I want to end with one of Bob’s more remarkable world-visions. This is from Chronicles, published in 2004, and describes an incident Bob fashioned from events of 1989. An entire chapter in Chronicles is devoted to the making of the 1989 album Oh Mercy, conventionally considered the launching of the late great flowering period of his career. The album was recorded in New Orleans, and Dylan’s descriptions of the city are among the most artful moments in that beautiful book. He shows you a city where past elides with present. “In New Orleans you could almost see other dimensions…After a while you start to feel like a ghost from one of the tombs, like you’re in a wax museum below crimson clouds.” In the center of this place out of time, hidden in the woods, he finds a character who seems just right for the world Bob Dylan is going to exploit/create with his new art. This is Sun Pie, a man who’s set up a marketplace called King Tut’s Museum in the middle of the wilderness.
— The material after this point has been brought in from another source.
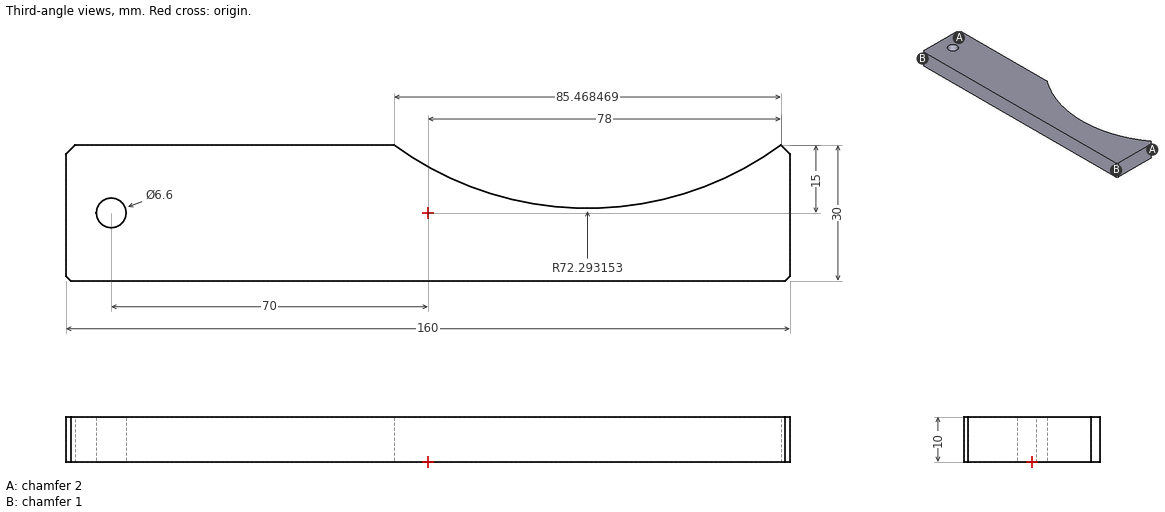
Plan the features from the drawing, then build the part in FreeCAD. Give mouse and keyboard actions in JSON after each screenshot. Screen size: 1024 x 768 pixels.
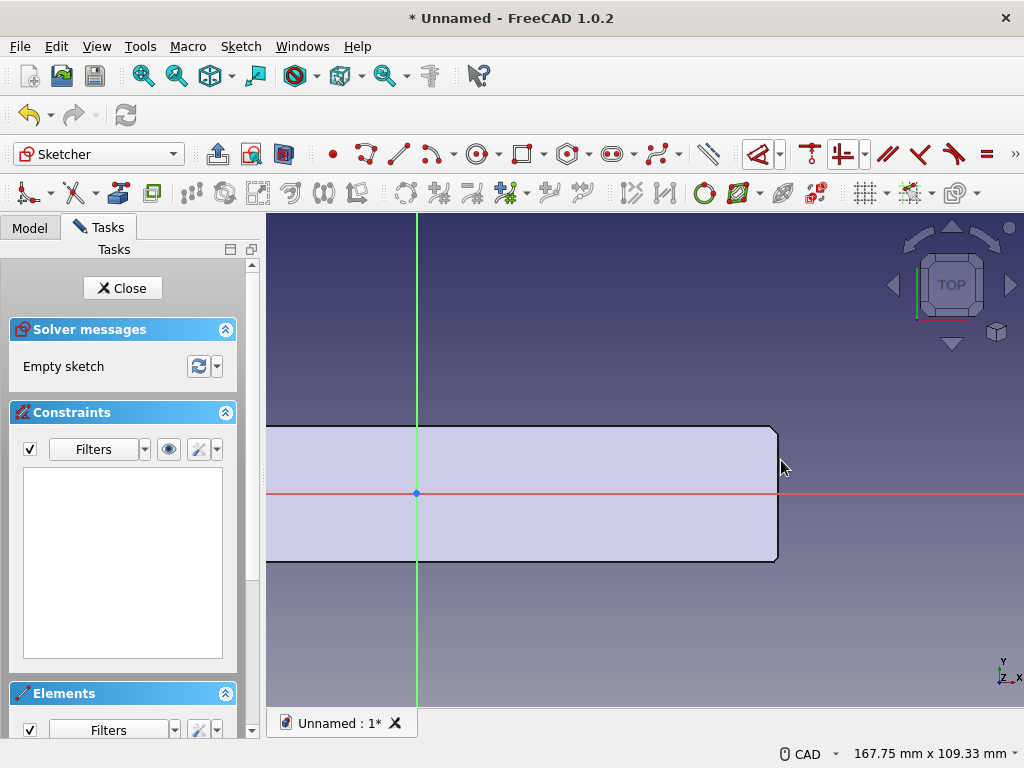
{"action": "left_click", "coordinate": [399, 154]}
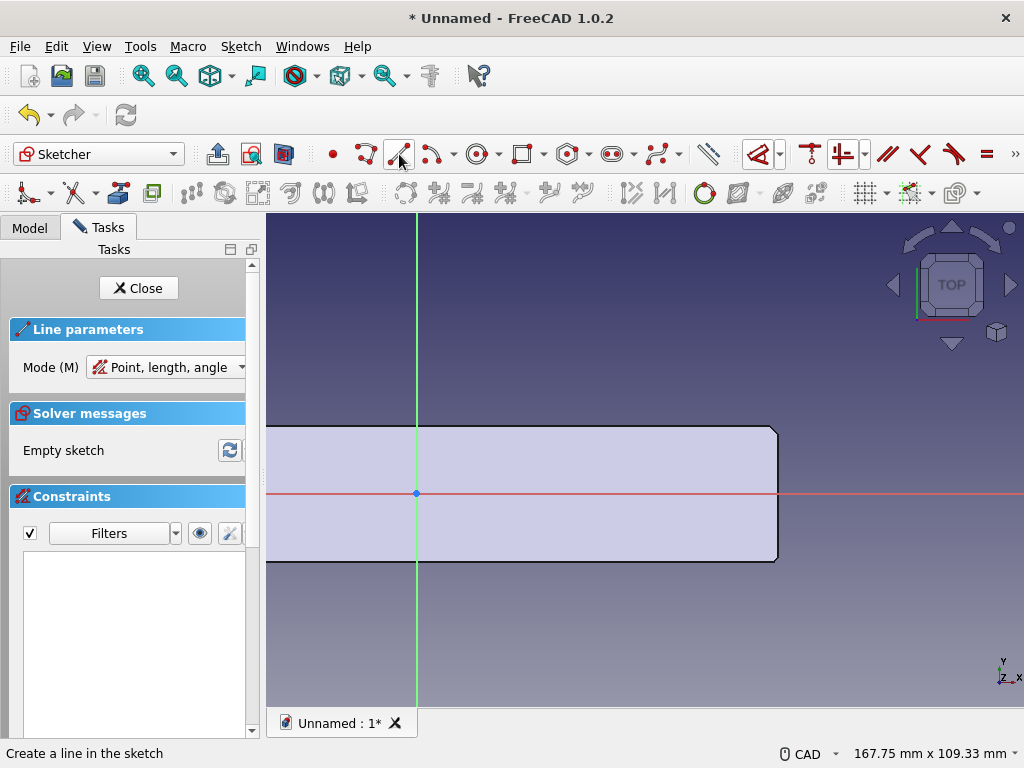
{"action": "left_click", "coordinate": [769, 426]}
{"action": "left_click", "coordinate": [383, 426]}
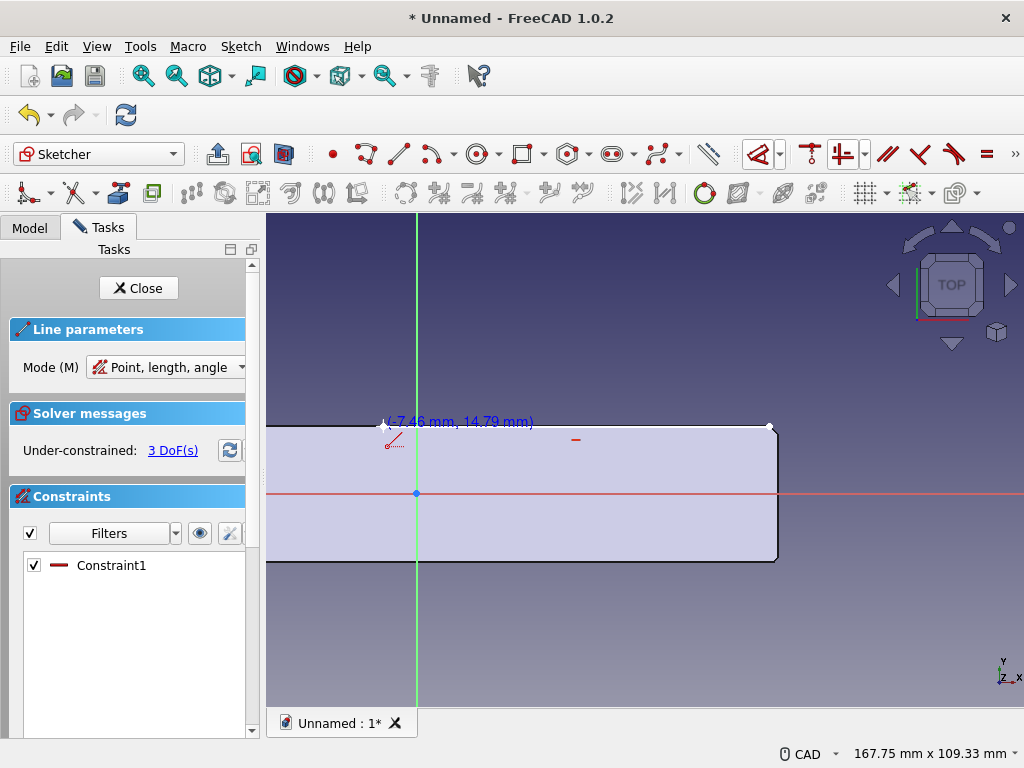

He sells not only the vernacular fetishes of his part of the world, but generic, clichéd souvenirs of nothing-and it’s one of these trifles that he gives Bob Dylan for free (a bumpersticker reading “World’s Greatest Grandpa”. But Sun Pie is also a voice of an eccentric vision of global history. He explains that Native Americans were originally Chinese who across the land bridge from Asia. He prophesizes an apocalypse involving Chinese dominance, and displays a Mao and a Bruce Lee poster. He offers dark moral pronouncements. (It seems that from this fiction we get Man in the Long Black Coat, or vice versa.) There is a global vision, and a moral vision inside King Tut’s museum, where everything is for sale. Dylan writes, “Sun Pie talked in a language you can’t misunderstand” (207). And at the end of the episode he writes, “I was thinking that if Sun Pie was an active man, I’d go to great lengths to get out of his way” (209). Sun Pie is an important fictional identity for Bob: “He had an odd way of talking, made me feel like I wasn’t in his place at all, like he had just strolled into my place” (204-5). Ultimately, intimidated and bewildered by his own creation, our hero flees back into the world he’ll continually bring us closer to, as it changes around all of us.
Dylan, Bob. Chronicles, Volume One. New York: Simon and Schuster, 2004.
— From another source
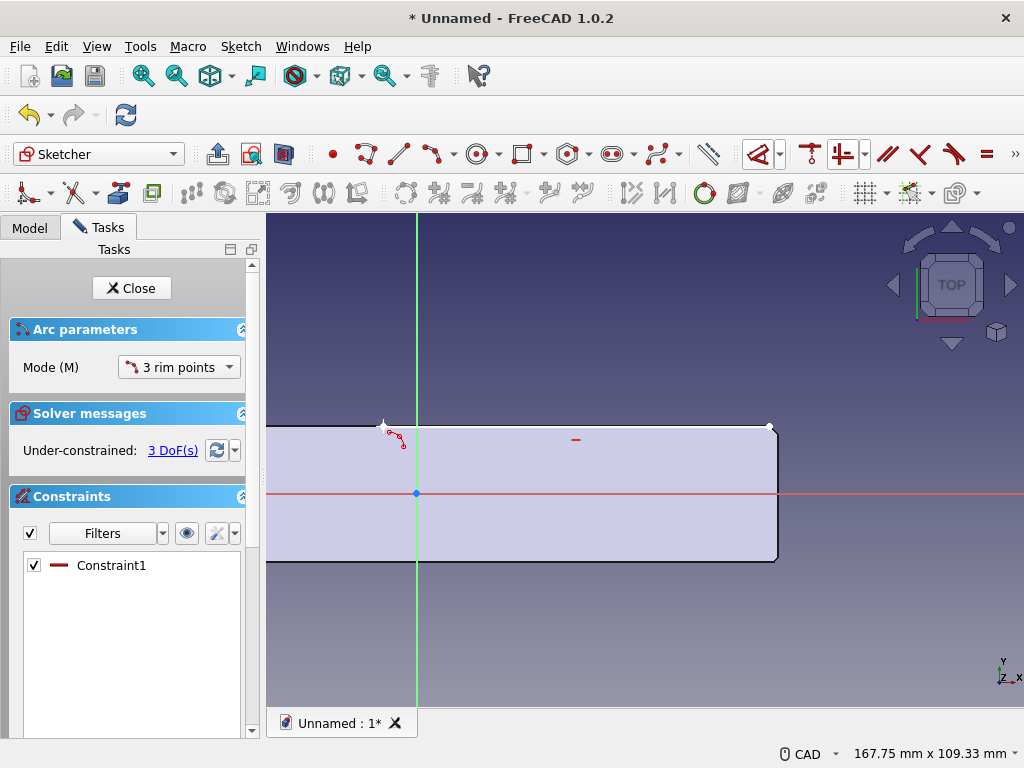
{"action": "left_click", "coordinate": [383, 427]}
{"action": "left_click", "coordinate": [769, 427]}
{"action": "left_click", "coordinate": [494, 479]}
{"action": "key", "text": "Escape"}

Marqusee, Mike. Chimes of Freedom: the politics of Bob Dylan’s art. New York: The New Press, 2003.
Marshall, Lee. Bob Dylan: The never ending star. Cambridge: Polity Press, 2007.
Muir, Andrew. Razor’s Edge: Bob Dylan and the Never Ending Tour. London: Helter Skelter Publishng, 2001.
Steger, Manfred B. Globalization: a very short introduction. New York: Oxford University Press, 2003.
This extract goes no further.